The lawsuit argues the bin Salman threatened Jabri at various times in an effort to compel his return to the Kingdom “where you will be placed under house arrest” or become the subject of a global manhunt, beginning with filing “bogus corruption allegations through INTERPOL” to encourage his surrender to the men of the crown prince. This included a menacing WhatsApp message promising the use of “all available means” to silence him. Bin Salman would personally “take legal measures, as well as other measures that would be harmful to you.”

The response from the Kingdom to this unveiling is bound to be more cautious this time around. To Khashoggi’s murder, it was amateurishly bumbling: first, abject, implausible denial, followed by the “accidental killing” thesis – that the journalist perished in a fist fight – followed by an acceptance, some three weeks later, that his killing was always intended. Care was taken to distance the crown prince and the royal family from the bloody episode, a stratagem aided by the sentencing of five squad members to death and three others to prison terms in closed proceedings. Being a member of the Tiger Squad has its drawbacks.

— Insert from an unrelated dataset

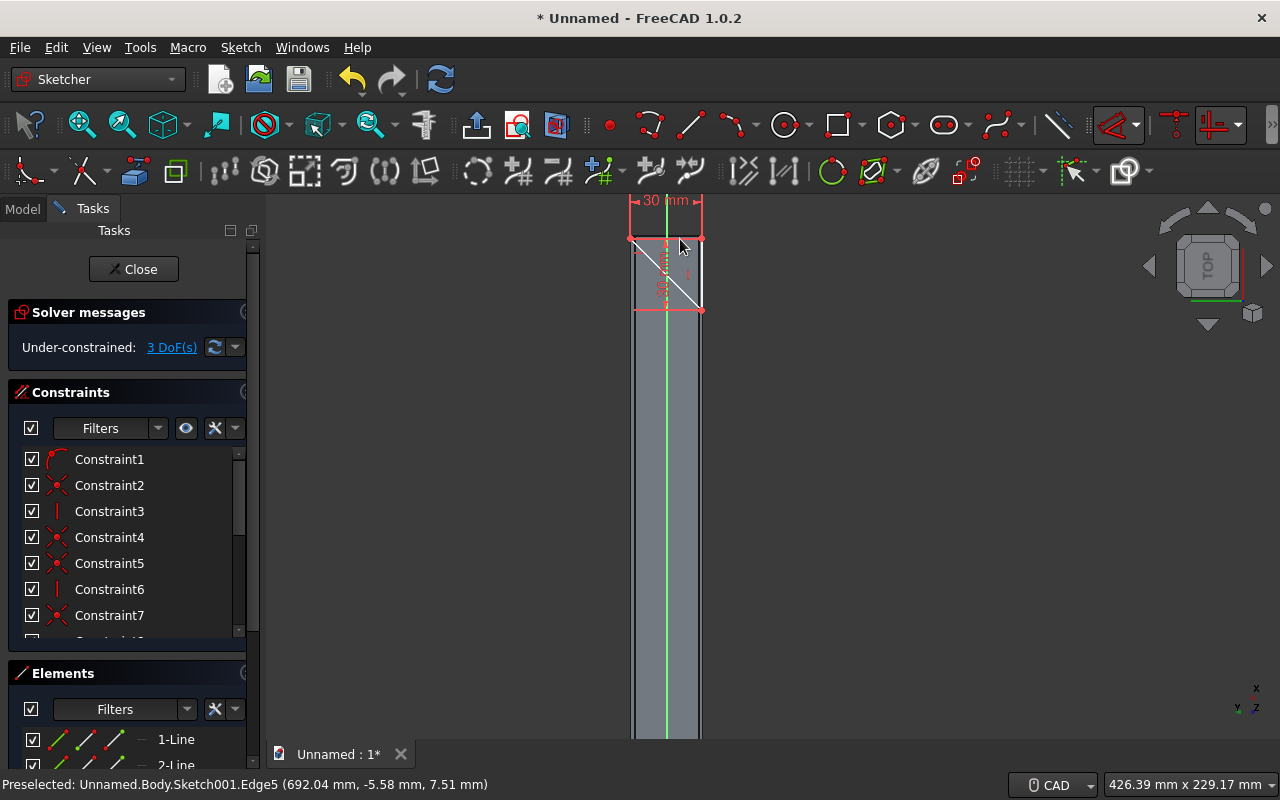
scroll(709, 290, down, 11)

The paw prints of the crown prince were, however, found to be credibly large by Agnes Callamard, UN Special Rapporteur on extrajudicial, summary or arbitrary killings. As her 2019 report noted, “The circumstances of Mr Khashoggi’s death have led to numerous theories and allegations, but none alters the responsibility of the Saudi Arabia state.” Fifteen men had “acted under the cover of their official status and used state means to execute Mr Khashoggi.” His murder “was the result of elaborate planning involving extensive coordination and significant human and financial resources. It was overseen, planned and endorsed by high-level officials. It was premeditated.”

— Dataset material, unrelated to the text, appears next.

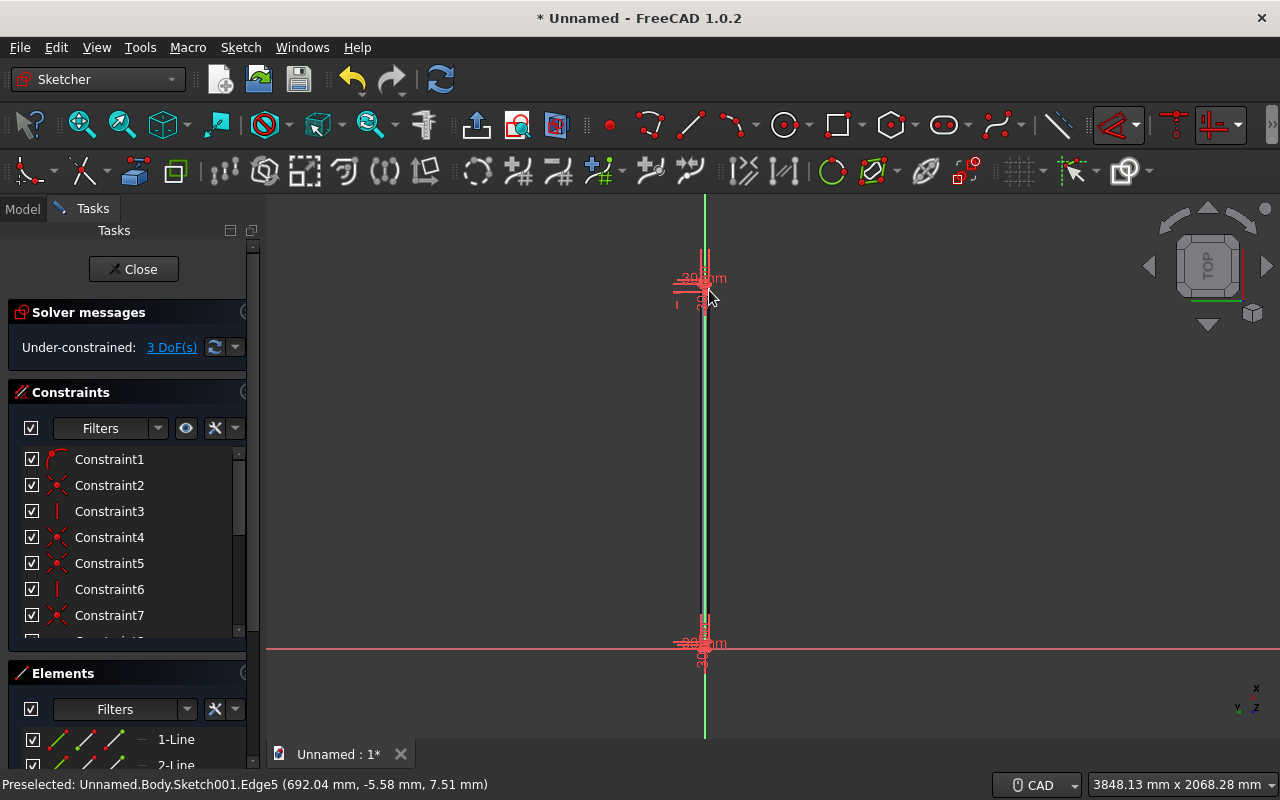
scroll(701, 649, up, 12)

Bin Salman has shown himself to be a dedicated dissembler. He has charmed, wooed and warmed the hearts of many leaders. He has even given that lie of being a reformer some stuffing, an anti-corruption warrior keen to give the Kingdom a modernising lick of paint. In the meantime, he has set about eliminating and isolating his enemies. A man of such ilk will know that a certain quantum of hypocrisy in international relations will always tolerate murder and blood-soaked hands, especially for a Kingdom possessing – at least for the moment – abundant natural resources.